Both George Rosales and I had graduated from high school the month before, leaving us free to do what ever we wanted. The problem was, that “want” was still undefined. Neither of us had any interest in college. I’d asked my dad about the possibility of us working construction with him, but he told me, rather accurately, that   we were “a couple of royal fuck-ups who wouldn’t last the summer.” George’s stepfather offered us work washing dishes at his diner, The Jolly Time, but the man was emotionally unstable and we were both currently familiar with that kind of dead-end job.

So we continued working nights for minimum wage, tending the snack bar at Weissglass Stadium where—even in the rain—stock cars raced around a track, wrestlers grunted in a prefabricated ring, and semi-famous bands played on a rickety, poorly lit stage.

It was at Weissglass that George picked up most of the girls. He was exotic and smooth skinned, with a toothpaste commercial smile. He spoke with a slight foreign accent, and when people asked where he was from, George would simply say, “Away.” Five years in high school, rather than make him insecure, had instilled confidence. At the snack bar, when a young woman would approach and I’d hit her with the inevitable, “May I help you?” I was almost always met by the response, “That’s all right. I’ll wait for George.” He’d almost always leave early, climbing behind the wheel of some girl’s car, a guy who hadn’t yet managed to pass the road test for his driver’s license.

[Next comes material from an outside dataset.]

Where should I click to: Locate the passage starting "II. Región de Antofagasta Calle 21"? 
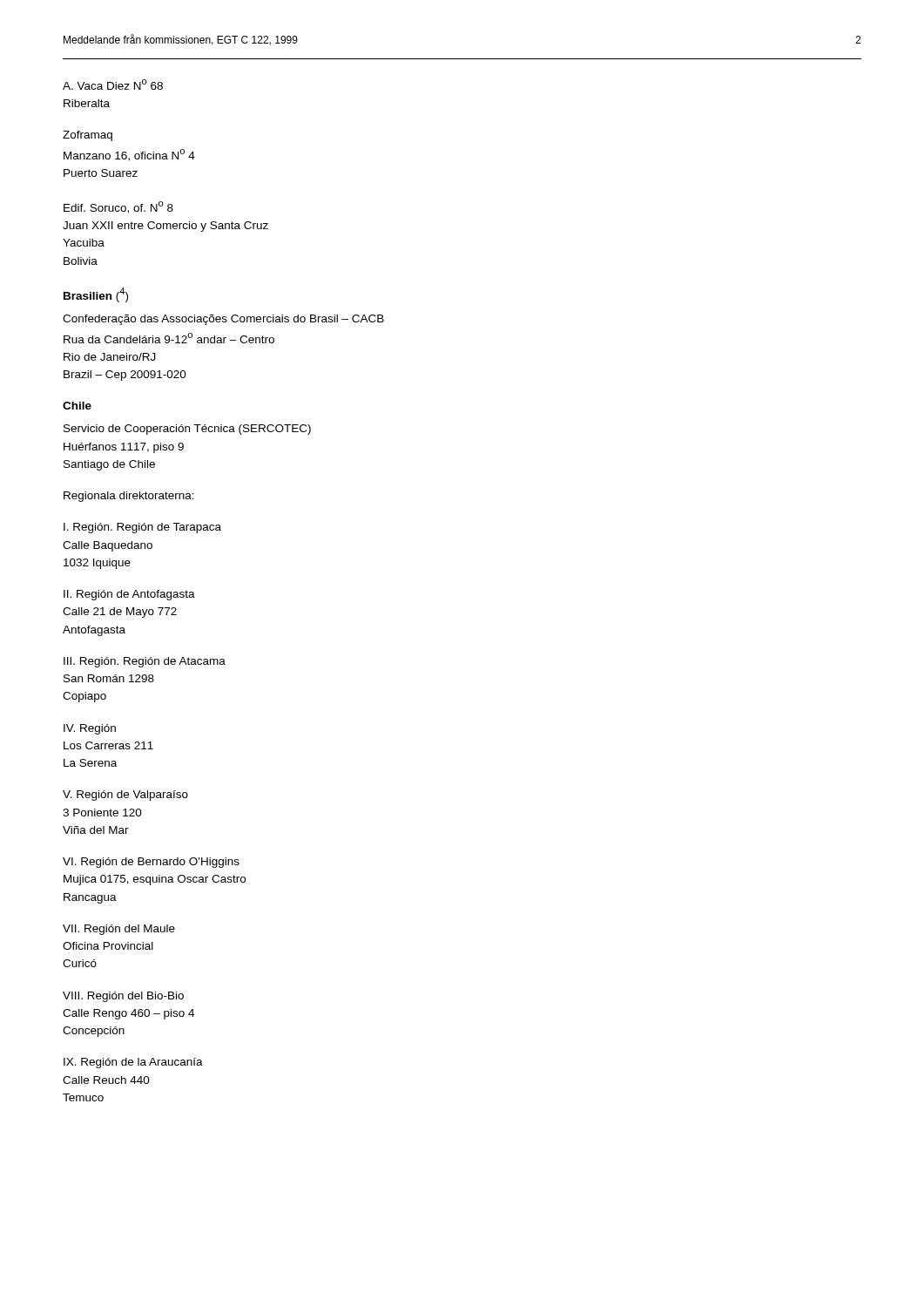pyautogui.click(x=129, y=611)
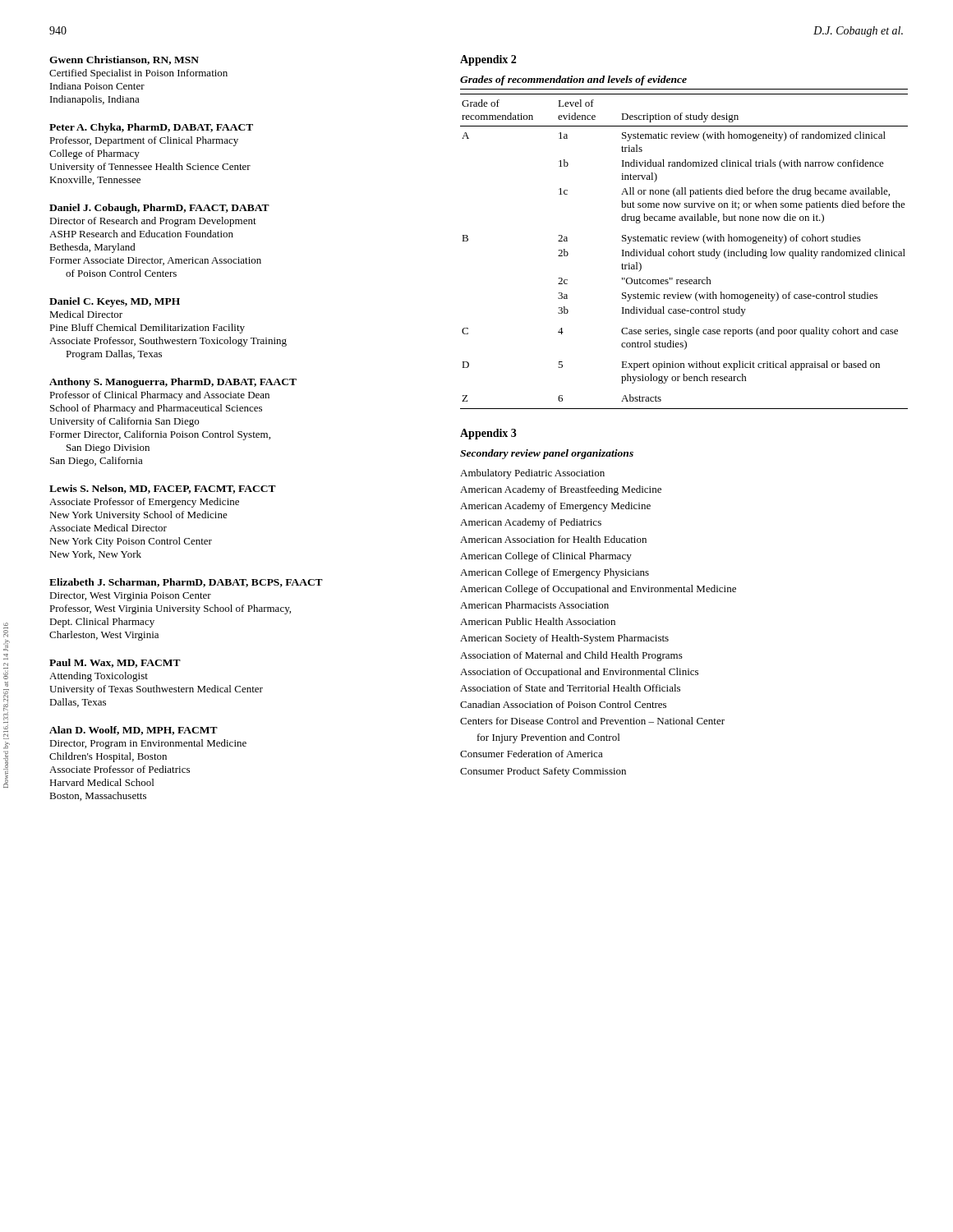
Task: Select the list item that says "Association of Occupational and Environmental"
Action: (579, 671)

In the morning he’d come over to my house and, even though both my parents were at work, tap on my bedroom window to wake me up. Once inside, he’d give me details of his sex-filled evenings, and ask me if I wanted to smell his fingers, which I almost always did.

“Next time, I’ll fix you up,” he’d promise.

My mother, a bank teller, told me that George was nothing but a user. “He likes you for your car,” she said. “Without that, he walks.”

During the day, when George wasn’t sleeping, we either drank malt liquor on my backyard patio (if it wasn’t raining,) or rode around in my Chevy Biscayne (if it was). George would fill me in on his sex life, and I’d lie about mine. I’d invented a girl named “Dixie,” who I said lived in Brooklyn on the same block as my grandmother, who we visited religiously every Sunday. Dixie’s invented history included coming to Brooklyn from Alabama (hence her name,) and working as a receptionist at Con Ed. I was careful not to make her too good looking, but imaginative enough to make her a quasi-nymphomaniac. I’d based Dixie at least partially on Marie Vessio, my grandmother’s neighbor, a mentally retarded woman in her mid-fifties who still had the mind of a ten-year old, but who liked me.

“When you bringing her around?” George would ask.

“Are you kidding?” I’d say as I lit up a Marlboro. “With her father, she’s lucky to sneak me into the house.”

*

I’m not sure where he got the information, but George convinced me that we could make money selling dead muskrats to some guy he knew.  The island was crawling with them and this guy, according to George, was starting a taxidermy school and would pay a dollar a pelt.

“We can put them in my old man’s walk-in freezer,” George offered. “We don’t even need to skin the son-of-a-bitches.”

What we did have to do, though, was buy rifles. Traps, George explained, damaged the fur and often caused an animal to chew its own leg off in order to escape. It took a bullet between the eyes to insure quality. So early one Saturday morning we drove to Majors Discount, laid down a week’s salary, and left with identical Ruger 10/22s.

It took less than two hours on an unseasonably chilly morning in the swamps around Mariners Harbor for us to decide that hunting muskrats wasn’t our strong suit. We never even saw a muskrat, but did manage to find a discarded florescent light tube that we stuck upright in the mud and fired at until one of us finally shattered it. After that, the rifles went into the trunk of my car next to the jumper cables and on top of a broken plastic beach chair.

Not long after our muskrat misadventure, George left work and picked up a waitress at Deppe’s, a late-night hot dog place. At around midnight, he arrived outside my bedroom window and rapped on the open glass.

“I got girls, man,” he semi-whispered through the screen.

I got up and looked out my other window toward the street. The moon was full and I could see a light colored VW bug idled just a ways down the block.

“It’s the middle of the night,” I said.

“C’mon, man,” he told me. “They’re hot.”

George filled me in on the circumstances as we followed the VW into Pleasant Plains. Two girls, one car. My “date,” the driver, was also a waitress at Deppe’s. The car belonged to her mom, and if it was much past midnight when it returned, something ungodly was certain to happen, like the world bursting into flames.

We parked a few doors down from a white stucco house where the VW was left in the driveway and both girls quickly duck walked back to join us. George had gotten a bottle of crème de menthe from somewhere, but waited until now to twist off the cap.

“You got any money?” George asked just before he jumped into the backseat.

“Not really.”

“Keep it on the cheap, then.”

One of the girls, a chesty blond, jumped into the back seat. The other girl took the passenger seat next to me. She was a brunette, cute, just a bit chubby. Both girls wore their uniforms: white tennis sneakers and black pants under shapeless maroon smocks with Food and Fun Since ’21 written in gold script across on their backs.

Introductions were made. The girl next to me was Dana, but I never caught the name of her friend. Within seconds, George and the blond were entwined like snakes while Dana, whom I was already starting to crush on for no real reason, stared straight ahead.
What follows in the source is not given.